## About this exercise
A single figure is expected: how many lines of the data that follows contain the word "made".

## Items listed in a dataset
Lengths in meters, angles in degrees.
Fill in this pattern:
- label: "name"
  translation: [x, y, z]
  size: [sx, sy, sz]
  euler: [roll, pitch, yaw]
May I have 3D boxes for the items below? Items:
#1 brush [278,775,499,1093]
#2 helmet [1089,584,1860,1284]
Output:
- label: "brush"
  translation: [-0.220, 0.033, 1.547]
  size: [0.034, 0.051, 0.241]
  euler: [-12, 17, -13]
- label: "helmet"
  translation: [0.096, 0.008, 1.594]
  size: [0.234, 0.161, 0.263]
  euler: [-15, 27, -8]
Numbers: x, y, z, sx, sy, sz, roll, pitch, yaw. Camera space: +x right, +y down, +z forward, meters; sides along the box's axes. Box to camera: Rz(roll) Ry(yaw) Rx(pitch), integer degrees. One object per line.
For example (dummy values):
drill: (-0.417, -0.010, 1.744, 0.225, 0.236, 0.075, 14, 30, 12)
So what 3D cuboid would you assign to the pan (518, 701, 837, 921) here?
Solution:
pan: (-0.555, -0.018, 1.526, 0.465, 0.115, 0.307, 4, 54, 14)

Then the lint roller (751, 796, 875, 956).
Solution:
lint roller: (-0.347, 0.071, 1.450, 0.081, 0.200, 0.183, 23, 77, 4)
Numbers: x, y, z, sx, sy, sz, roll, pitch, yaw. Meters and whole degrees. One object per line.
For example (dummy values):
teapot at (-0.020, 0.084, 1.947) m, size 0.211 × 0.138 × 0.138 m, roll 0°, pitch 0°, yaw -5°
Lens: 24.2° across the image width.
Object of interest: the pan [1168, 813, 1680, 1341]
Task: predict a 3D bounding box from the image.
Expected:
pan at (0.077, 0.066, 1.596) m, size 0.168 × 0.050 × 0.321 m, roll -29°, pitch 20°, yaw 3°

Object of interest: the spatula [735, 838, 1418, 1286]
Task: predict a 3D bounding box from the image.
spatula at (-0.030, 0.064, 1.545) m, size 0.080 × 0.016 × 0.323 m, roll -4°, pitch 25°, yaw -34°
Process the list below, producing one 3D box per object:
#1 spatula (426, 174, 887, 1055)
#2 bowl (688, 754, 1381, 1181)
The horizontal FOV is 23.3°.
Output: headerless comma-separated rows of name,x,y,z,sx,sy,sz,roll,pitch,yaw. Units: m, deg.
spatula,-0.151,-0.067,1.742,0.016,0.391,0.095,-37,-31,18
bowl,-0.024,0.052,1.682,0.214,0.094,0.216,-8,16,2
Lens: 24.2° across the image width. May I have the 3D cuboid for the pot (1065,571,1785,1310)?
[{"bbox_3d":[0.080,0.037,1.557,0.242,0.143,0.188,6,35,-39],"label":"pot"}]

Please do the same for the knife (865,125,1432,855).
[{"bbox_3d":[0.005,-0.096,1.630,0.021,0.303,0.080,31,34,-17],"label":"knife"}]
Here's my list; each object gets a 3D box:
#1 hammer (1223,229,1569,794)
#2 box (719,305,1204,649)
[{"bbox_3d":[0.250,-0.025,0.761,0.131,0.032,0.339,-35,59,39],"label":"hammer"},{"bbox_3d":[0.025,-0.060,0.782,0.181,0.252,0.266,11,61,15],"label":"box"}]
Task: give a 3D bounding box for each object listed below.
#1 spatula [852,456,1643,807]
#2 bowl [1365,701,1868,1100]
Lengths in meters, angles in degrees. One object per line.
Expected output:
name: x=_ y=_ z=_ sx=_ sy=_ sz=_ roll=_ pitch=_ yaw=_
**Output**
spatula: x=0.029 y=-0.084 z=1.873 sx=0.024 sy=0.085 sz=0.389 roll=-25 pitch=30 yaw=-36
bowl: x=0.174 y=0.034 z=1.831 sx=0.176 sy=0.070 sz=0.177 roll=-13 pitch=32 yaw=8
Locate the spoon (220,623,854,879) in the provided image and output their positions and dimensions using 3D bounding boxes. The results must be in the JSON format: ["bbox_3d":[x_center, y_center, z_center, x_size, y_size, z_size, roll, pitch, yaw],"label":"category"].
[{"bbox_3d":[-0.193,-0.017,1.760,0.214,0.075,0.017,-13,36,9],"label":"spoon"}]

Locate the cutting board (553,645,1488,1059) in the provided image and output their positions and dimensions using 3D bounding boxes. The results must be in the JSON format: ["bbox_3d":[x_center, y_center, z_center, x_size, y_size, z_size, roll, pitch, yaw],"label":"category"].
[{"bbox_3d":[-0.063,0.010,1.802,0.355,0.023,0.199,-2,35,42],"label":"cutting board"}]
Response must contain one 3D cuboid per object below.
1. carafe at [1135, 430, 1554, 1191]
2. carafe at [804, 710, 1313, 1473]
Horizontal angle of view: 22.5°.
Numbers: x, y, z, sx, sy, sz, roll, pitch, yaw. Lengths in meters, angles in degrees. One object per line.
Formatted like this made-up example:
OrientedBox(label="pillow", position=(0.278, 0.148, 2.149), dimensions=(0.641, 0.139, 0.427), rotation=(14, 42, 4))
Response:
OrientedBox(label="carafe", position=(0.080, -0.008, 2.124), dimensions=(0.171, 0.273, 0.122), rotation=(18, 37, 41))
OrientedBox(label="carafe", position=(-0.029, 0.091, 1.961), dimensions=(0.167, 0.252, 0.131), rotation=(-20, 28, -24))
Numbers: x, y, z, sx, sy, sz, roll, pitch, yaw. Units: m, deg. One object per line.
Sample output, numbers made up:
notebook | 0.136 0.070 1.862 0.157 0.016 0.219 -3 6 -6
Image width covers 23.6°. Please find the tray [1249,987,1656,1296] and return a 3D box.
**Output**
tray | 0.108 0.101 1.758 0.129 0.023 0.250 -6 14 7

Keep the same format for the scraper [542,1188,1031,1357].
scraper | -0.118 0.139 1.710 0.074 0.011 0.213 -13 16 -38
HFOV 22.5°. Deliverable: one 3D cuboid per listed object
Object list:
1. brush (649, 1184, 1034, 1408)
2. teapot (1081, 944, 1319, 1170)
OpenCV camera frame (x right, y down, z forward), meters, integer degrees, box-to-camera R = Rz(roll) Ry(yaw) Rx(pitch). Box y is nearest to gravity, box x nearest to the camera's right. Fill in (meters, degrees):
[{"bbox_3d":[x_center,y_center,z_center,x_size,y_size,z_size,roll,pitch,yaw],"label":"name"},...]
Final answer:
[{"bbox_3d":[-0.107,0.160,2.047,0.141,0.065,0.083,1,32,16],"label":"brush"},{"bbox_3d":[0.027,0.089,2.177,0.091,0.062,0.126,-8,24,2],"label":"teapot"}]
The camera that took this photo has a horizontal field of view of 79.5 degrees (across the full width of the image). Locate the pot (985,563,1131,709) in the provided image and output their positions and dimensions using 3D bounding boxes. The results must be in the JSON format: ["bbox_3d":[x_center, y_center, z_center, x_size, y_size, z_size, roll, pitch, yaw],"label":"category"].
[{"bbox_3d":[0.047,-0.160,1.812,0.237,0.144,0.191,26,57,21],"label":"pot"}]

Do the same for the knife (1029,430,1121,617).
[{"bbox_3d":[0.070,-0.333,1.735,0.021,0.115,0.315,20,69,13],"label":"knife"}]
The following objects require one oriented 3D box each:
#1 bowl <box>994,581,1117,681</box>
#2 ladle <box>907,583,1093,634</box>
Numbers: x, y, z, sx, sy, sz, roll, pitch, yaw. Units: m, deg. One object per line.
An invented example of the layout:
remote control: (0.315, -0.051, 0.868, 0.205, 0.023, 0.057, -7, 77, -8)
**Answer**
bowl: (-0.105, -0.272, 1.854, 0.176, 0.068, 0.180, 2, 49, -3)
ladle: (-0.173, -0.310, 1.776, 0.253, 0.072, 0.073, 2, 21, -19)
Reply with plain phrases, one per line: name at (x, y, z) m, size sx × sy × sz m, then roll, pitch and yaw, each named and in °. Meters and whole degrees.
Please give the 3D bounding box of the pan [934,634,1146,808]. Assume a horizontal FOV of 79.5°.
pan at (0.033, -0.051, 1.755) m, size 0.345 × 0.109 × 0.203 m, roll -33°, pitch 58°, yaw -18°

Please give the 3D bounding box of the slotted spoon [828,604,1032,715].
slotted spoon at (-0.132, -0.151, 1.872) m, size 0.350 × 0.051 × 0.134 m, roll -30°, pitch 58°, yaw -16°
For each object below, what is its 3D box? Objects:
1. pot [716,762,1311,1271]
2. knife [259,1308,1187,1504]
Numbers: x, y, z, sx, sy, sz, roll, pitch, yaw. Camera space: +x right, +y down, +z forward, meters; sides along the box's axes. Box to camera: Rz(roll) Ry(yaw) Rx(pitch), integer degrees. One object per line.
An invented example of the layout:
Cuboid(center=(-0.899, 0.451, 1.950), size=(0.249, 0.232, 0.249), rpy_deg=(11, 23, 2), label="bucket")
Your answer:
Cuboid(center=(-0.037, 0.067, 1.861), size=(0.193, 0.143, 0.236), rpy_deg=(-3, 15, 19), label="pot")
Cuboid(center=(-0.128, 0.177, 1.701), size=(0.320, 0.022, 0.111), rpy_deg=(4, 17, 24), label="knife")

## Answer section
2